William's syndrome is a developmental disorder with multisystem defects like congenital vascular and heart disease, dimorphic facial features, growth deficiency, infantile hypercalcemia, mental retardation, unique cognitive profile, and a characteristic personality.[1] It is estimated that Williams Syndrome affects 1 in 7,500 - 20,000 people.

William's syndrome (WS), also known as William's Beuern Syndrome, was first described by a cardiologist from New Zealand, Dr. J. C. P. Williams in 1961 working as a Registrar at Greenlane Hospital, Auckland. He noticed that individuals with William's Syndrome had heart and cardiovascular problems, high blood calcium levels, low birth weight, short stature and other abnormalities related to connective tissues. He also noticed that individuals with William's Syndrome often have some pattern of learning disability.
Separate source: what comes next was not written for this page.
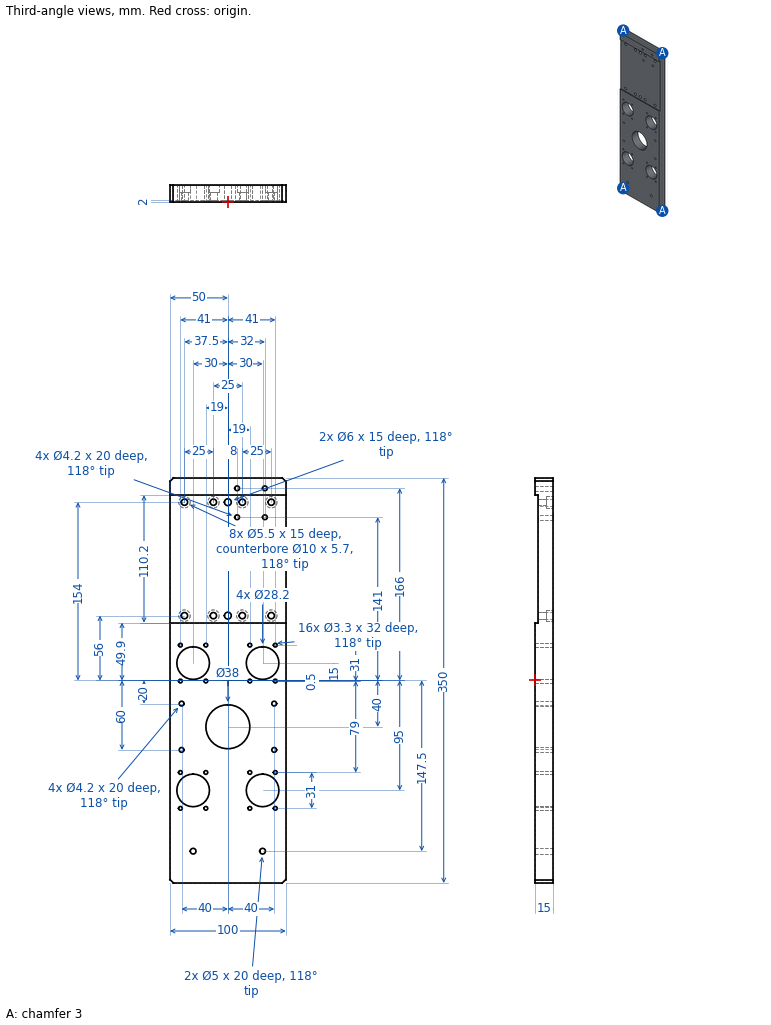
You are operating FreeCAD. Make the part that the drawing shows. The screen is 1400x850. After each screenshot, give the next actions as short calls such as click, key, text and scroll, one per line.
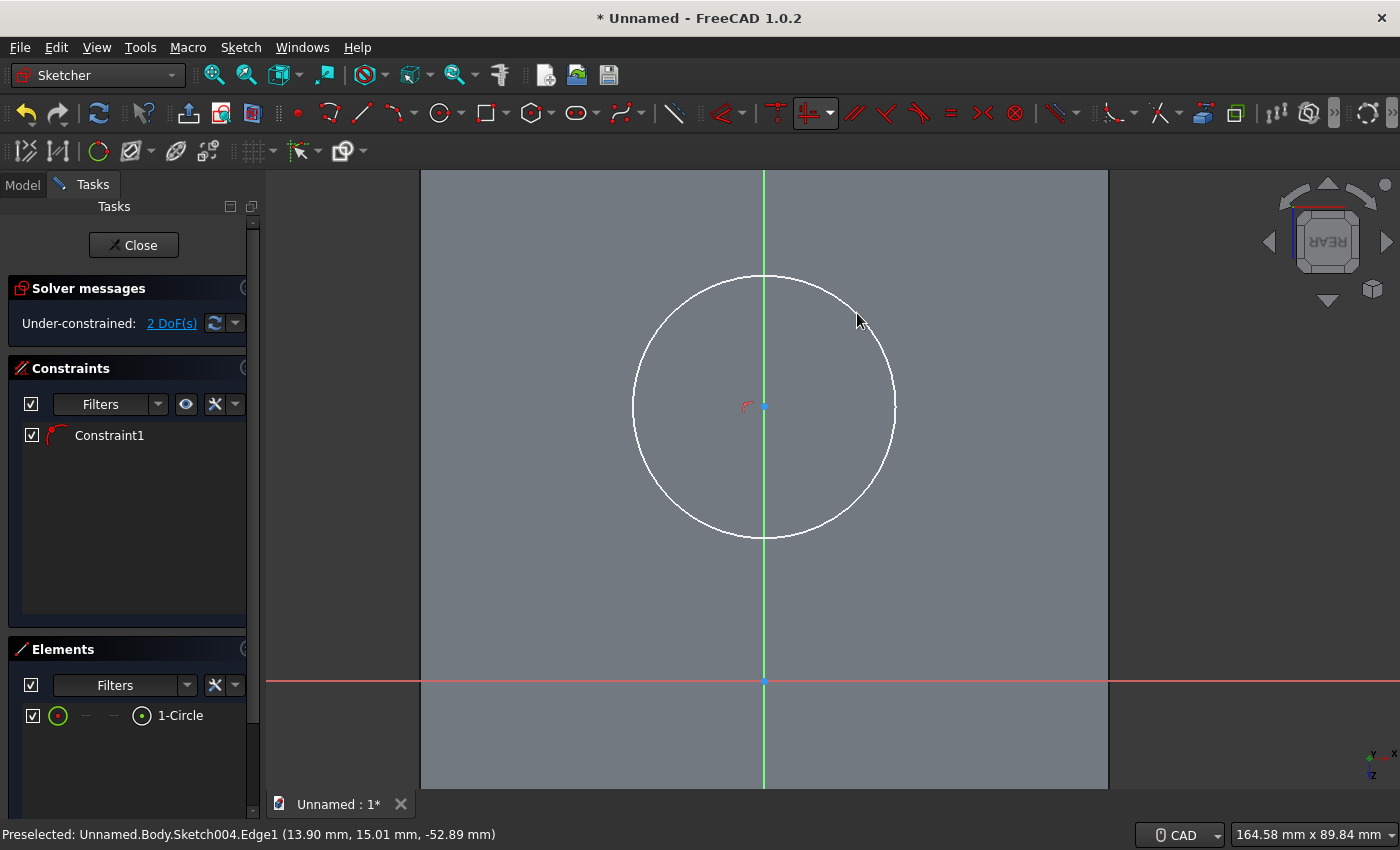
key(d)

It is a result of a series of deletion of genes on chromosome 7q11.23(32) arising as a consequence of unequal recombination during meiotic crossing over. It is now known that the deletions may span as much as 250kb, presumably disrupting adjacent genes. [3] The deletion includes the elastin and 14 other genes. The deletion on elastin gene is responsible for connective tissue and cardiovascular abnormalities. The deletion of GTF2I (general transcription factor II, I) is consider to lower the IQ. Deletion on LIMK1 is thought to cause abnormality of visuospatial constructive cognition in William's Syndrome. [4] Scientists have also found that the WBSCR12 gene that encodes for 852 amino acid is deleted in WS patients and is thought to give certain characteristics to the patients as it is expressed in various regions of the brain and intestinal area. [5] The impact of deletion of other genes on humans still needs to be discovered.

The diagnosis of Williams's syndrome is confirmed by detecting contiguous gene deletion in chromosome 7, using Fluorescent In Situ Hybridization (or FISH). Non FISH based methods like real time quantitave PCR, Genomic Microarray Analysis or Heterozygosity testing can also be used to detect the gene deletions in critical area of chromosome 7. [4]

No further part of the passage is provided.